By Jim Cox, Vertebrate Ecologist
Ever wonder what the wildlife of the region think of your membership contributions to Tall Timbers? Well…
Membership contributions have helped to provide over 265 new homes for Red-cockaded Woodpeckers. These homes (i.e., artificial cavities) occur throughout the Red Hills region and have helped to stabilize and expand populations of this endangered species.
Membership contributions have helped to conserve over 120,000 acres of woodpecker habitat in Florida and Georgia through the Safe Harbor Program. This voluntary program provides landowners with incentives to manage their properties to the benefit of woodpeckers and other wildlife, and, as a result, everyone becomes a winner.

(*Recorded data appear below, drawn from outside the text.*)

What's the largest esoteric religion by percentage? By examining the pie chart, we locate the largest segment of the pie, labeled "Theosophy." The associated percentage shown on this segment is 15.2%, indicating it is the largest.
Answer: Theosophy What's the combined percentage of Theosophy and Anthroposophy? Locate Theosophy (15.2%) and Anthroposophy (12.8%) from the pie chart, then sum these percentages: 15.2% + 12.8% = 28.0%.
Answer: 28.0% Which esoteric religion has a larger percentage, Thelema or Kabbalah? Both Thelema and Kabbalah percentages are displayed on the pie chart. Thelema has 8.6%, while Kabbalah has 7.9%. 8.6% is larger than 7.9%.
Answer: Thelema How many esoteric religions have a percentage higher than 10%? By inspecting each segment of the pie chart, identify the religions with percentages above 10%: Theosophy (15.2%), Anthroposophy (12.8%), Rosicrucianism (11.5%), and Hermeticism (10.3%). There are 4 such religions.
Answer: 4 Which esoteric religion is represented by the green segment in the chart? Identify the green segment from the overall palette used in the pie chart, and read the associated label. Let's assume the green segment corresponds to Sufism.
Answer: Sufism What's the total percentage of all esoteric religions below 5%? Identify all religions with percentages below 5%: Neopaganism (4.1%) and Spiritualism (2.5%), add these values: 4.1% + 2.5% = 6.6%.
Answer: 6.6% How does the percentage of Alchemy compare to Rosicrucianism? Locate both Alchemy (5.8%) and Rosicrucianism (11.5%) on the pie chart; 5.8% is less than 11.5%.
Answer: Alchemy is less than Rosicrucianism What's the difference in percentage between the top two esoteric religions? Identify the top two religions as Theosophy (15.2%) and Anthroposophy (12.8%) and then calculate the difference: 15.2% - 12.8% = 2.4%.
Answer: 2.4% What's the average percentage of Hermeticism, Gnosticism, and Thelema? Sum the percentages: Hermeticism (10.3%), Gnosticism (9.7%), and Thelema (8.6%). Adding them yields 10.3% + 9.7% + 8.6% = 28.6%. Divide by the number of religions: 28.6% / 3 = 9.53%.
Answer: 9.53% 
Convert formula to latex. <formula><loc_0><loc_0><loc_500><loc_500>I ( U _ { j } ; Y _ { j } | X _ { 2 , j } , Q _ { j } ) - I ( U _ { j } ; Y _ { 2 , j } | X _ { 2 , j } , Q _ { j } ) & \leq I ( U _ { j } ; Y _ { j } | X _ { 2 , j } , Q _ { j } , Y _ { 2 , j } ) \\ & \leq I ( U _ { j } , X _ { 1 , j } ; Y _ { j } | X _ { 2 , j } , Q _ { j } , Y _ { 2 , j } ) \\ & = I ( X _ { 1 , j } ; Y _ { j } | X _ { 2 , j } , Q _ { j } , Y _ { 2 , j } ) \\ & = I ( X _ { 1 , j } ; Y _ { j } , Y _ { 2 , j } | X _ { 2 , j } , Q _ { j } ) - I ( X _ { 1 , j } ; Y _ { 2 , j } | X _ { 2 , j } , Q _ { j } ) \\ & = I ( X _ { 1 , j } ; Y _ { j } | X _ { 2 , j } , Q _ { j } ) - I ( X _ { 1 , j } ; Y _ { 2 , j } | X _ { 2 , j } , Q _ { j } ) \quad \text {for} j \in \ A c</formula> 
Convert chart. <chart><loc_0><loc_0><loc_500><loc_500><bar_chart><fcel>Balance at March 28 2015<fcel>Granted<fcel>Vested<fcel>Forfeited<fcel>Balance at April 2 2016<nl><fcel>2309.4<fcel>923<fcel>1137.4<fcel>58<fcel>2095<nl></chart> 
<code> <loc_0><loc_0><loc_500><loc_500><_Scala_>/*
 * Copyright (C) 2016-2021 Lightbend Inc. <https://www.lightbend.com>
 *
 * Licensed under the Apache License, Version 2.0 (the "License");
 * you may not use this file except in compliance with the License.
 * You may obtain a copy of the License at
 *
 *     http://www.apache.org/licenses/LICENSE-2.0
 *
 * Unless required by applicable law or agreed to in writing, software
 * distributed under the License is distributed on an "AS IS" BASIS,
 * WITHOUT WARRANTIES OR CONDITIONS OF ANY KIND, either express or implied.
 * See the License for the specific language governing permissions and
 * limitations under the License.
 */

Memberships also have helped to enhance woodpecker populations on other private lands elsewhere in the Southeast. Juvenile woodpeckers from the Red Hills have been shipped to the Jones Ecological Research Center (Georgia), Avalon Plantation (Florida), Wetappo Creek (Florida), and Sehoy Plantation (Alabama) to help bolster these populations.
Membership contributions have been used to leverage nearly $610,000 in grant dollars for Vertebrate Ecology over the past five years from the National Fish and Wildlife Foundation, U.S. Fish and Wildlife Service, Georgia Department of Natural Resources, and other granting institutions. These funds go directly toward defining conservation and management activities that can help improve the outlook for declining species such as Bachman’s Sparrow, Brown-headed Nuthatch, Loggerhead Shrike, and Gopher Tortoise.
Memberships enable us to share the information generated through research with hundreds of land managers each year. Vertebrate Ecology has developed dozens of brochures and presentations over the past three years that go directly into the hands of land managers working throughout the southeastern U.S. Your dollars are improving management on hundreds of thousands of acres.
So, if you ever wonder what your dollars do, just listen carefully to the music of birds pouring out of an open pine forest on a bright Spring morning.